This new selfie trend is bubbling over.
Stars like Bella Hadid, Jourdan Dunn and Kendall Jenner are taking selfies in bathtubs like it’s the new red carpet step-and-repeat in snaps washing over Instagram feeds.
The luxury-meets-leisure grooming pastime has become the new self-care-inspired photo trend at parties and events in lieu of voguing for paparazzi on the red carpet in front of giant logos. Instead, brands are investing in the ultimate bathtub installation, filled to the brim with champagne bottles on ice, jewels and even diamonds. And it’s all about doing it for the ’gram.
“The step-and-repeat is dead,” Jamie D’Attoma, vice president of events at the New York City-based integrated marketing agency SHADOW, told Moneyish. “But that paves the way for innovating around interactive photo opportunities at an event that simultaneously communicates the brand message.”
A number of lifestyle and fashion brands have taken the plunge recently. Chanel dazzled beauty editors and influencers in Los Angeles earlier this year with a tub filled with pearls. And high-end clothing and accessories line Revolve posted a photo on Instagram with model squad Hailey Baldwin, Hadid, Dunn and Jenner wearing chic cocktail attire while kicking back in an empty tub.
Bathtubs have also made a splash in the food and beverage scene as a means to hold products such as wine and hors d’oeuvres in a photogenic, playful way that still broadcasts the brand’s message. Ruffino Wines, for example, celebrated its sparkling wine varietals by partnering with jewelry designers DANNIJO to create a “champagne shower” of sorts — with a prosecco bath complete with sparkling jewels and a butler handing out mini-bottles to guests vamping in the tub. The bubbly installation came complete with a neon sign that read “Always Sparkling.”
Meanwhile, New York City’s Melt Shop filled up an antique tub with its signature tater tots, an edible arrangement that had guests devouring the display. And beauty brand Soap & Glory went old school with a giant pink rubber ducky and matching balloon bubbles to promote its makeup and face wash line.
“Experiential storytelling is an especially competitive landscape as brands try to one-up each other with the next loudest, most eye-dazzling installation,” D’Attoma notes. “But the risk producers run when thinking only in this vein is a disconnect between the installation and the actual story the client is trying to tell.”
Now the A-list bathtub selfies have trickled down to social media influencers — and just about anyone with an Instagram account — as yet another wave in the made-for-Instagram movement. Photo-friendly pop-ups and installations like the Museum of Ice Cream, for instance, draw in millennials with gimmicks like sprinkle pools, which are backdrops for the perfect pic. And now the hashtag #bathtubselfie has nearly 10,000 posts on Instagram.

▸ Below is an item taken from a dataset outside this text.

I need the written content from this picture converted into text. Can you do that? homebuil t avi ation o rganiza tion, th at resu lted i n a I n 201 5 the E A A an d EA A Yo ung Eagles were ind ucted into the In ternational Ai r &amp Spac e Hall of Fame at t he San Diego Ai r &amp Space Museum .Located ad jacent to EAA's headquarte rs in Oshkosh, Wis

“It’s the evolution of the bathroom mirror selfie,” says pop culture expert Jawn Murray. “The bathtub has always embodied elegance, whether you’re thinking of someone like Marilyn Monroe drinking champagne in a bubble bath, or in the late ’90s when Puff Daddy/P. Diddy was drinking fine libations in a tub. It’s almost like a status symbol.”

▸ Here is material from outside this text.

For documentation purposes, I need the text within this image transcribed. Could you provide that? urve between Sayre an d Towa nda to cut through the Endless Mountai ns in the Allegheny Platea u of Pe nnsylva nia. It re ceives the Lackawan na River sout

Bubbles have long been a photo-friendly backdrop for selfies. Early adopter Mariah Carey made a sudsy splash on Instagram when she took a bubble-bath selfie clad in diamonds in 2016. (“Bubbly times selfie,” she captioned the close-up shot.) And more recently, Taylor Swift took an actual diamond bath in the video for 2017’s “Look What You Made Me Do,” filled with real jewels worth more than $10 million, Page Six reported.